Constraints on exotic dipole-dipole couplings between electrons at the micron scale

Until recently, the magnetic dipole-dipole coupling between electrons had not been directly observed experimentally. This is because at the atomic scale dipole-dipole coupling is dominated by the exchange interaction and at larger distances the dipole-dipole coupling is overwhelmed by ambient magnetic field noise. In spite of these challenges, the magnetic dipole-dipole interaction between two electron spins separated by 2.4 microns was recently measured using the valence electrons of trapped Strontium ions [S. Kotler, N. Akerman, N. Navon, Y. Glickman, and R. Ozeri, Nature {\textbf{510}}, 376 (2014)]. We have used this measurement to directly constrain exotic dipole-dipole interactions between electrons at the micron scale.

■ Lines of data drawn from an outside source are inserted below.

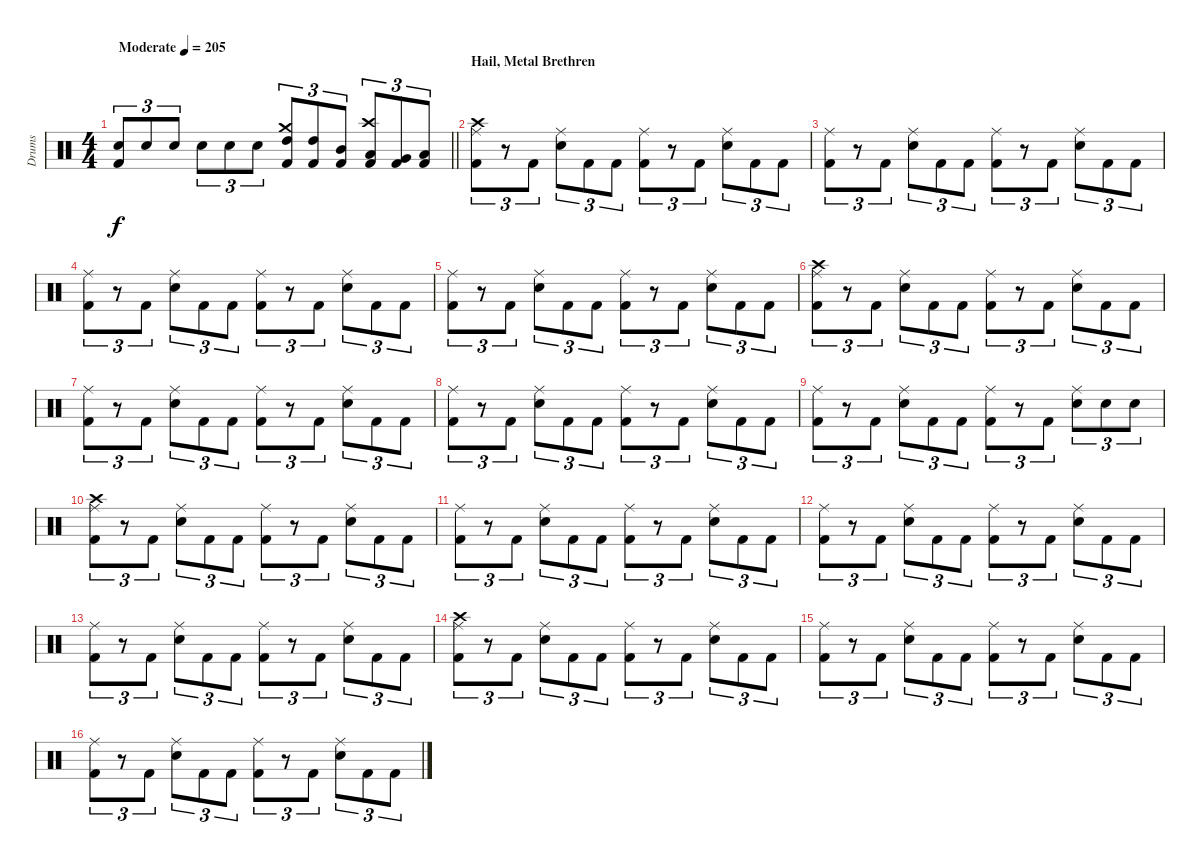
\track ("Drums" "Drums") {instrument percussion}
\staff {score}
\articulation defaults
\ts (4 4)
\tempo (205 "Moderate")
\clef neutral
\barLineRight lightlight
\ks c
("Snare (hit) 2" "Kick (hit) 2").8{tu (3 2) dy f} "Snare (hit) 2".8{tu (3 2)} "Snare (hit) 2".8{tu (3 2)} "Snare (hit) 2".8{tu (3 2)} "Snare (hit) 2".8{tu (3 2)} "Snare (hit) 2".8{tu (3 2)} ("Crash medium (hit)" "High Tom (hit)" "Kick (hit) 2").8{tu (3 2)} ("High Tom (hit)" "Kick (hit) 2").8{tu (3 2)} ("Mid Tom (hit)" "Kick (hit) 2").8{tu (3 2)} ("Crash high (hit)" "Low Tom (hit)" "Kick (hit) 2").8{tu (3 2)} ("Very Low Tom (hit)" "Kick (hit) 2").8{tu (3 2)} ("Low Floor Tom (hit)" "Kick (hit) 2").8{tu (3 2)} |
\section ("" "Hail, Metal Brethren")
("Crash high (hit)" "Ride (middle)" "Kick (hit) 2").8{tu (3 2)} r.8{tu (3 2)} "Kick (hit) 2".8{tu (3 2)} ("Ride (middle)" "Snare (hit) 2").8{tu (3 2)} "Kick (hit) 2".8{tu (3 2)} "Kick (hit) 2".8{tu (3 2)} ("Ride (middle)" "Kick (hit) 2").8{tu (3 2)} r.8{tu (3 2)} "Kick (hit) 2".8{tu (3 2)} ("Ride (middle)" "Snare (hit) 2").8{tu (3 2)} "Kick (hit) 2".8{tu (3 2)} "Kick (hit) 2".8{tu (3 2)} |
("Ride (middle)" "Kick (hit) 2").8{tu (3 2)} r.8{tu (3 2)} "Kick (hit) 2".8{tu (3 2)} ("Ride (middle)" "Snare (hit) 2").8{tu (3 2)} "Kick (hit) 2".8{tu (3 2)} "Kick (hit) 2".8{tu (3 2)} ("Ride (middle)" "Kick (hit) 2").8{tu (3 2)} r.8{tu (3 2)} "Kick (hit) 2".8{tu (3 2)} ("Ride (middle)" "Snare (hit) 2").8{tu (3 2)} "Kick (hit) 2".8{tu (3 2)} "Kick (hit) 2".8{tu (3 2)} |
("Ride (middle)" "Kick (hit) 2").8{tu (3 2)} r.8{tu (3 2)} "Kick (hit) 2".8{tu (3 2)} ("Ride (middle)" "Snare (hit) 2").8{tu (3 2)} "Kick (hit) 2".8{tu (3 2)} "Kick (hit) 2".8{tu (3 2)} ("Ride (middle)" "Kick (hit) 2").8{tu (3 2)} r.8{tu (3 2)} "Kick (hit) 2".8{tu (3 2)} ("Ride (middle)" "Snare (hit) 2").8{tu (3 2)} "Kick (hit) 2".8{tu (3 2)} "Kick (hit) 2".8{tu (3 2)} |
("Ride (middle)" "Kick (hit) 2").8{tu (3 2)} r.8{tu (3 2)} "Kick (hit) 2".8{tu (3 2)} ("Ride (middle)" "Snare (hit) 2").8{tu (3 2)} "Kick (hit) 2".8{tu (3 2)} "Kick (hit) 2".8{tu (3 2)} ("Ride (middle)" "Kick (hit) 2").8{tu (3 2)} r.8{tu (3 2)} "Kick (hit) 2".8{tu (3 2)} ("Ride (middle)" "Snare (hit) 2").8{tu (3 2)} "Kick (hit) 2".8{tu (3 2)} "Kick (hit) 2".8{tu (3 2)} |
("Crash high (hit)" "Ride (middle)" "Kick (hit) 2").8{tu (3 2)} r.8{tu (3 2)} "Kick (hit) 2".8{tu (3 2)} ("Ride (middle)" "Snare (hit) 2").8{tu (3 2)} "Kick (hit) 2".8{tu (3 2)} "Kick (hit) 2".8{tu (3 2)} ("Ride (middle)" "Kick (hit) 2").8{tu (3 2)} r.8{tu (3 2)} "Kick (hit) 2".8{tu (3 2)} ("Ride (middle)" "Snare (hit) 2").8{tu (3 2)} "Kick (hit) 2".8{tu (3 2)} "Kick (hit) 2".8{tu (3 2)} |
("Ride (middle)" "Kick (hit) 2").8{tu (3 2)} r.8{tu (3 2)} "Kick (hit) 2".8{tu (3 2)} ("Ride (middle)" "Snare (hit) 2").8{tu (3 2)} "Kick (hit) 2".8{tu (3 2)} "Kick (hit) 2".8{tu (3 2)} ("Ride (middle)" "Kick (hit) 2").8{tu (3 2)} r.8{tu (3 2)} "Kick (hit) 2".8{tu (3 2)} ("Ride (middle)" "Snare (hit) 2").8{tu (3 2)} "Kick (hit) 2".8{tu (3 2)} "Kick (hit) 2".8{tu (3 2)} |
("Ride (middle)" "Kick (hit) 2").8{tu (3 2)} r.8{tu (3 2)} "Kick (hit) 2".8{tu (3 2)} ("Ride (middle)" "Snare (hit) 2").8{tu (3 2)} "Kick (hit) 2".8{tu (3 2)} "Kick (hit) 2".8{tu (3 2)} ("Ride (middle)" "Kick (hit) 2").8{tu (3 2)} r.8{tu (3 2)} "Kick (hit) 2".8{tu (3 2)} ("Ride (middle)" "Snare (hit) 2").8{tu (3 2)} "Kick (hit) 2".8{tu (3 2)} "Kick (hit) 2".8{tu (3 2)} |
("Ride (middle)" "Kick (hit) 2").8{tu (3 2)} r.8{tu (3 2)} "Kick (hit) 2".8{tu (3 2)} ("Ride (middle)" "Snare (hit) 2").8{tu (3 2)} "Kick (hit) 2".8{tu (3 2)} "Kick (hit) 2".8{tu (3 2)} ("Ride (middle)" "Kick (hit) 2").8{tu (3 2)} r.8{tu (3 2)} "Kick (hit) 2".8{tu (3 2)} ("Ride (middle)" "Snare (hit) 2").8{tu (3 2)} "Snare (hit) 2".8{tu (3 2)} "Snare (hit) 2".8{tu (3 2)} |
("Crash high (hit)" "Ride (middle)" "Kick (hit) 2").8{tu (3 2)} r.8{tu (3 2)} "Kick (hit) 2".8{tu (3 2)} ("Ride (middle)" "Snare (hit) 2").8{tu (3 2)} "Kick (hit) 2".8{tu (3 2)} "Kick (hit) 2".8{tu (3 2)} ("Ride (middle)" "Kick (hit) 2").8{tu (3 2)} r.8{tu (3 2)} "Kick (hit) 2".8{tu (3 2)} ("Ride (middle)" "Snare (hit) 2").8{tu (3 2)} "Kick (hit) 2".8{tu (3 2)} "Kick (hit) 2".8{tu (3 2)} |
("Ride (middle)" "Kick (hit) 2").8{tu (3 2)} r.8{tu (3 2)} "Kick (hit) 2".8{tu (3 2)} ("Ride (middle)" "Snare (hit) 2").8{tu (3 2)} "Kick (hit) 2".8{tu (3 2)} "Kick (hit) 2".8{tu (3 2)} ("Ride (middle)" "Kick (hit) 2").8{tu (3 2)} r.8{tu (3 2)} "Kick (hit) 2".8{tu (3 2)} ("Ride (middle)" "Snare (hit) 2").8{tu (3 2)} "Kick (hit) 2".8{tu (3 2)} "Kick (hit) 2".8{tu (3 2)} |
("Ride (middle)" "Kick (hit) 2").8{tu (3 2)} r.8{tu (3 2)} "Kick (hit) 2".8{tu (3 2)} ("Ride (middle)" "Snare (hit) 2").8{tu (3 2)} "Kick (hit) 2".8{tu (3 2)} "Kick (hit) 2".8{tu (3 2)} ("Ride (middle)" "Kick (hit) 2").8{tu (3 2)} r.8{tu (3 2)} "Kick (hit) 2".8{tu (3 2)} ("Ride (middle)" "Snare (hit) 2").8{tu (3 2)} "Kick (hit) 2".8{tu (3 2)} "Kick (hit) 2".8{tu (3 2)} |
("Ride (middle)" "Kick (hit) 2").8{tu (3 2)} r.8{tu (3 2)} "Kick (hit) 2".8{tu (3 2)} ("Ride (middle)" "Snare (hit) 2").8{tu (3 2)} "Kick (hit) 2".8{tu (3 2)} "Kick (hit) 2".8{tu (3 2)} ("Ride (middle)" "Kick (hit) 2").8{tu (3 2)} r.8{tu (3 2)} "Kick (hit) 2".8{tu (3 2)} ("Ride (middle)" "Snare (hit) 2").8{tu (3 2)} "Kick (hit) 2".8{tu (3 2)} "Kick (hit) 2".8{tu (3 2)} |
("Crash high (hit)" "Ride (middle)" "Kick (hit) 2").8{tu (3 2)} r.8{tu (3 2)} "Kick (hit) 2".8{tu (3 2)} ("Ride (middle)" "Snare (hit) 2").8{tu (3 2)} "Kick (hit) 2".8{tu (3 2)} "Kick (hit) 2".8{tu (3 2)} ("Ride (middle)" "Kick (hit) 2").8{tu (3 2)} r.8{tu (3 2)} "Kick (hit) 2".8{tu (3 2)} ("Ride (middle)" "Snare (hit) 2").8{tu (3 2)} "Kick (hit) 2".8{tu (3 2)} "Kick (hit) 2".8{tu (3 2)} |
("Ride (middle)" "Kick (hit) 2").8{tu (3 2)} r.8{tu (3 2)} "Kick (hit) 2".8{tu (3 2)} ("Ride (middle)" "Snare (hit) 2").8{tu (3 2)} "Kick (hit) 2".8{tu (3 2)} "Kick (hit) 2".8{tu (3 2)} ("Ride (middle)" "Kick (hit) 2").8{tu (3 2)} r.8{tu (3 2)} "Kick (hit) 2".8{tu (3 2)} ("Ride (middle)" "Snare (hit) 2").8{tu (3 2)} "Kick (hit) 2".8{tu (3 2)} "Kick (hit) 2".8{tu (3 2)} |
("Ride (middle)" "Kick (hit) 2").8{tu (3 2)} r.8{tu (3 2)} "Kick (hit) 2".8{tu (3 2)} ("Ride (middle)" "Snare (hit) 2").8{tu (3 2)} "Kick (hit) 2".8{tu (3 2)} "Kick (hit) 2".8{tu (3 2)} ("Ride (middle)" "Kick (hit) 2").8{tu (3 2)} r.8{tu (3 2)} "Kick (hit) 2".8{tu (3 2)} ("Ride (middle)" "Snare (hit) 2").8{tu (3 2)} "Kick (hit) 2".8{tu (3 2)} "Kick (hit) 2".8{tu (3 2)}

For light bosons (mass $\alt$ 0.1 eV), we find that coupling constants describing pseudoscalar and axial-vector mediated interactions must be $|\frac{g_P^e g_P^e}{4 \pi \hbar c}| \leq 1.5 \times 10^{-3}$ and $|\frac{g_A^e g_A^e}{4 \pi \hbar c}| \leq 1.2 \times 10^{-17}$, respectively, at the 90\% confidence level. These bounds significantly improve on previous constraints in this mass range: for example, the constraints on axial-vector interactions are six orders of magnitude stronger than electron-positron constraints based on positronium spectroscopy.